Lawyers say Egyptians cleared in Greece over migrant shipwreck remain unfairly detained
Nine Egyptian men cleared by a Greek court of involvement in a migrant shipwreck disaster remain unfairly held in administrative detention days after they were freed from jail, their lawyers said Monday.
A judge in the southern town of Nafplio on Tuesday is expected to hear a legal appeal for their release, the lawyers told a press conference in Athens.
“The decision for their detention is not legal, and has no justification,” said Effie Dousi, one of the lawyers.
The nine men were among the 104 survivors of an overcrowded fishing trawler that sank in international waters off southwestern Greece on June 14, 2023, en route from Libya to Italy.
A total 82 bodies were recovered, but hundreds more people are feared lost in one of the worst migrant shipwrecks in the Mediterranean Sea.

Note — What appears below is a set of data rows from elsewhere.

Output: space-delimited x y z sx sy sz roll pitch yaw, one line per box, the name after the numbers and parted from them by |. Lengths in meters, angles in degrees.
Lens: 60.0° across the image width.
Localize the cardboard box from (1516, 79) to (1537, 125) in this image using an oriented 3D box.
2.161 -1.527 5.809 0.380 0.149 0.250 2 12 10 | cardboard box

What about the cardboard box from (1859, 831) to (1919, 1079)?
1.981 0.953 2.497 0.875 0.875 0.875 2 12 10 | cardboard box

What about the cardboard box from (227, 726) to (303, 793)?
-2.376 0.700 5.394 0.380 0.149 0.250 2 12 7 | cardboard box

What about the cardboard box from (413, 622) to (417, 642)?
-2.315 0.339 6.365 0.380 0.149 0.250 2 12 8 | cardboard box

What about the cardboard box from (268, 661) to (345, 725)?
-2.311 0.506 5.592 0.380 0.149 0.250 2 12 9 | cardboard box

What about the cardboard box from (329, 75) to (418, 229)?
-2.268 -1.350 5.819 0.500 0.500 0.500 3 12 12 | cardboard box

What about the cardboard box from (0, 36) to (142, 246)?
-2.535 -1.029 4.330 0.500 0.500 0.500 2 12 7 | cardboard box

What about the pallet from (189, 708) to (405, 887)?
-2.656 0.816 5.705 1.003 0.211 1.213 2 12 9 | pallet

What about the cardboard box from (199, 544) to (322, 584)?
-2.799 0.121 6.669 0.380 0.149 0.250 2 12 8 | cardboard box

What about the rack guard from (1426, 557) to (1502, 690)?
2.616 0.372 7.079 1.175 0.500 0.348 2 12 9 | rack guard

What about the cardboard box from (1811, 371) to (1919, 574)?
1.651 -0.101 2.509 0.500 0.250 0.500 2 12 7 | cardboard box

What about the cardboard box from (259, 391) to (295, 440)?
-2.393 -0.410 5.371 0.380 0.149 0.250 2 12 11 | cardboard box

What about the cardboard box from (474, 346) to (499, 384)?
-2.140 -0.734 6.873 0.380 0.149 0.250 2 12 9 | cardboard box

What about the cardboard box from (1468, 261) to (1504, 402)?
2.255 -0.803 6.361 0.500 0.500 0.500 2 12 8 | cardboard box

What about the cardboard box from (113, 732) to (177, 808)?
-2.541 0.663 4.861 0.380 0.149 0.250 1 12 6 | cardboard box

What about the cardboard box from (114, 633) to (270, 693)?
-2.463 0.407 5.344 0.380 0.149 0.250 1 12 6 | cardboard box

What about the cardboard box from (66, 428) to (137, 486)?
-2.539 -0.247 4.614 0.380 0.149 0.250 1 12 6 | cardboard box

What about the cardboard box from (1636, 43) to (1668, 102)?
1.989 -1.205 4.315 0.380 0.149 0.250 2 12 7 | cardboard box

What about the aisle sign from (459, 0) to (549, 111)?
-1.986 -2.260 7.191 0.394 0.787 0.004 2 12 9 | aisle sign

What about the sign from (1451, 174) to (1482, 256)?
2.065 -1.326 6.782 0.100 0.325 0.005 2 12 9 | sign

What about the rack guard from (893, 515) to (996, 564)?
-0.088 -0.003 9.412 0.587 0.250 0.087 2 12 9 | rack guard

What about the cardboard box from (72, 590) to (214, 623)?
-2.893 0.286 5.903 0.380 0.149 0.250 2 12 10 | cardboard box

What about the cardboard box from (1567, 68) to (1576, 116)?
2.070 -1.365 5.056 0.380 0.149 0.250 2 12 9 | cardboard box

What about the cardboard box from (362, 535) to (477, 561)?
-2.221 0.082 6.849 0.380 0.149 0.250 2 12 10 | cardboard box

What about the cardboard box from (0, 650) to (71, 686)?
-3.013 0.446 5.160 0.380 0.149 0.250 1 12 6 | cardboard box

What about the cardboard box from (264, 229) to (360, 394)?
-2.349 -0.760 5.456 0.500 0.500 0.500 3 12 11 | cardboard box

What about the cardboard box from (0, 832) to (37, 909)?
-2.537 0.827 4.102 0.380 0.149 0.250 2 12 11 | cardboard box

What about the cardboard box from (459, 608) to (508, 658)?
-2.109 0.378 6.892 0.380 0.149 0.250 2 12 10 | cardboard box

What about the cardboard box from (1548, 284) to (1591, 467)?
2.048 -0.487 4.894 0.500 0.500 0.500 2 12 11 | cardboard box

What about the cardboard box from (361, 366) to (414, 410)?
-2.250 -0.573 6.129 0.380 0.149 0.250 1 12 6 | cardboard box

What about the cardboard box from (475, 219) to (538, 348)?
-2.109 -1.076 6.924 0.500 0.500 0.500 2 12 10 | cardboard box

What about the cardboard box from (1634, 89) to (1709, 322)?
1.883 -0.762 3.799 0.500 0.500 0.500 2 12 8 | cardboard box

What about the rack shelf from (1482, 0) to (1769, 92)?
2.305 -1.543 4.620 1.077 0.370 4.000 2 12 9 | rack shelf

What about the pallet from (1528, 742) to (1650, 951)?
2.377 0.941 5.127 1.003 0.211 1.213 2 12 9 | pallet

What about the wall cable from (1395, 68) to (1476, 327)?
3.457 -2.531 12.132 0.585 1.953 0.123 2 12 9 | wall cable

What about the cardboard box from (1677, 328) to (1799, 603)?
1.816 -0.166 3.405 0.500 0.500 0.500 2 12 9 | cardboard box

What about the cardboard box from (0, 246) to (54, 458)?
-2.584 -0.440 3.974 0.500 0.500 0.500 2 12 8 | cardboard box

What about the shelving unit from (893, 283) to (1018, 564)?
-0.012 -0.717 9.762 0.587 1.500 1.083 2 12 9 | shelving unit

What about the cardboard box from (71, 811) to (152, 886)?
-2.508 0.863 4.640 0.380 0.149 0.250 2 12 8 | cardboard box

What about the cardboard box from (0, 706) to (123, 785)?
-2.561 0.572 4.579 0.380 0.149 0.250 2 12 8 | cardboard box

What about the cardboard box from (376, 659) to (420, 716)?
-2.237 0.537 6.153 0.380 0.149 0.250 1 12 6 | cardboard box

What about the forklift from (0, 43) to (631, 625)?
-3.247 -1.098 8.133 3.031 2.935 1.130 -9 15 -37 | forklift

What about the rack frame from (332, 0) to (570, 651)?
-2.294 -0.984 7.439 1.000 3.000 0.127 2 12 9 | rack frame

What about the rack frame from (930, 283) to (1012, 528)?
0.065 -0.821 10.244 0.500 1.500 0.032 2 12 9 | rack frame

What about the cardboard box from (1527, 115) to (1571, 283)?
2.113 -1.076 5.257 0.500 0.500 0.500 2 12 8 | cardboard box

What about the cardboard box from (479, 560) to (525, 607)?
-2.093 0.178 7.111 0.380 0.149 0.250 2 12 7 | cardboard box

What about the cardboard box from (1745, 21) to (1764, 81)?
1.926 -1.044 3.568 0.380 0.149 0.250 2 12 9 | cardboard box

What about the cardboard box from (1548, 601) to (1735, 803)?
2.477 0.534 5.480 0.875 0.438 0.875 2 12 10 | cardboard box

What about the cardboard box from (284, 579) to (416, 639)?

Greek authorities accused the nine of being among the trawler’s crew – something the defense denied – and brought criminal charges against them including for people smuggling and causing a deadly shipwreck. But last week a judge in the southern city of Kalamata dismissed the case after a prosecutor argued that Greece lacked jurisdiction as the trawler sank outside its waters.
Greece’s coast guard was widely criticized for failing to prevent the sinking, despite having a vessel close by, and some survivors claimed the trawler foundered after the coast guard tried to tow it. The coast guard strongly denied that.
A separate Naval Court investigation into the sinking and the coast guard’s actions is still under way.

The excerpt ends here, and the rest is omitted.